The contention would actually not be on a per-EU level, but one level higher up. The reservation station has a bunch (~5-8) of ports and typically multiple EUs are connected to one port. Can't use one port for two different things at the same time.

Here's a simplified block diagram of a Skylake core: https://en.wikichip.org/wiki/intel/microarchitectures/skylak...

CHY872 · on June 19, 2018

Thanks! Yeah figured I'd be wrong somewhere in there!

Twirrim · on June 20, 2018

There's also some funkiness around the CPU cache, at least at one stage. If your two HT threads are working on the same data, there was a chance you'd get some great cache performance out of it. However the hyperthread when faced with a cache miss, can cause the cache to get evicted to be replaced with the data it needs. Under those circumstances, performance takes quite a nose dive as both threads are stomping over each other somewhat.

Hyperthreading can be a real mixed bag for performance, though generally good and a lot of engineering effort has gone in to making it shine. As ever it's strongly advisable that people benchmark real world conditions on a server, and it's worth giving a shot with hyperthreading turned on and off.

gpderetta · on June 20, 2018

You are pretty much right. A couple of things to add: even hand optimized asm code wont be able to use all ports all the time with a single instruction steam; the biggest win for hyperthreading is filling the pipeline bubbles caused by memory loads out of L1 (there is only so mach that OoO scheduling can do on your average load)
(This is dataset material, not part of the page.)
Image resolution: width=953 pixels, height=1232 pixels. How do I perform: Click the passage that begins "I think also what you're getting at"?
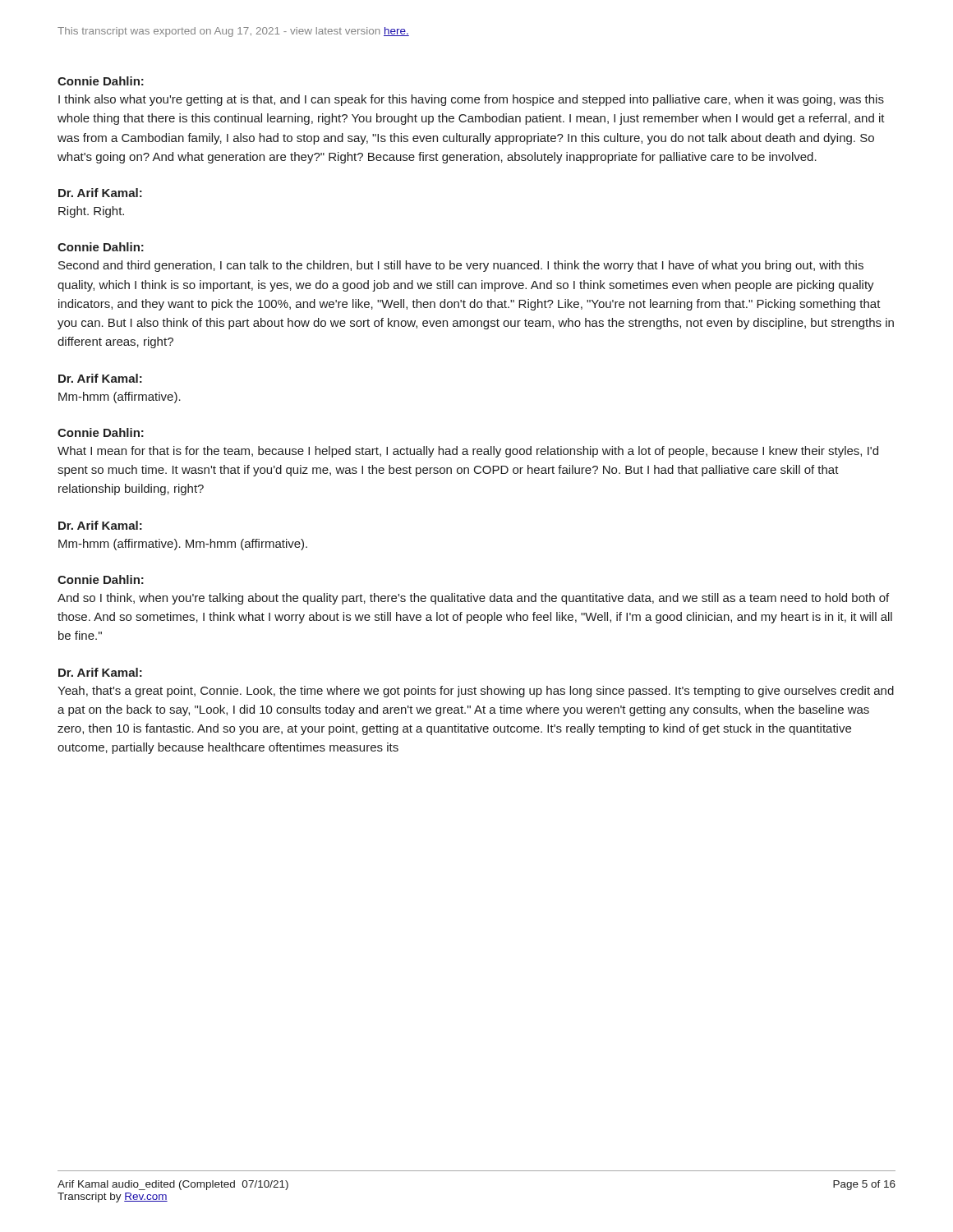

amelius · on June 20, 2018

So on a RISC architecture, this would happen even for non-similar programs, because the number of instructions is smaller? Or would they just duplicate the processing units?

Dylan16807 · on June 20, 2018

The units aren't dedicated to esoteric instructions, you have functions like "small alu", "big alu", "fp adder", "address generator and memory load".

RISC will perform about the same and you can hyperthread one fine.

jfoutz · on June 19, 2018

Different instruction streams use different registers. It’s like sharing a bathroom. I can shower while you brush your teeth. There’s more contention when we’re both trying to shower.

uryga · on June 19, 2018

"both are using vector instructions (these registers are shared between the two hyperthreads)"

So I guessing GP meant there's going to be contention for those registers, and thus no speedup?

xeroaura · on June 19, 2018

Taking a guess, but since they are running similar streams, they have similar loads at a specific time. Competition between main thread and hyperthread could hurt performance instead?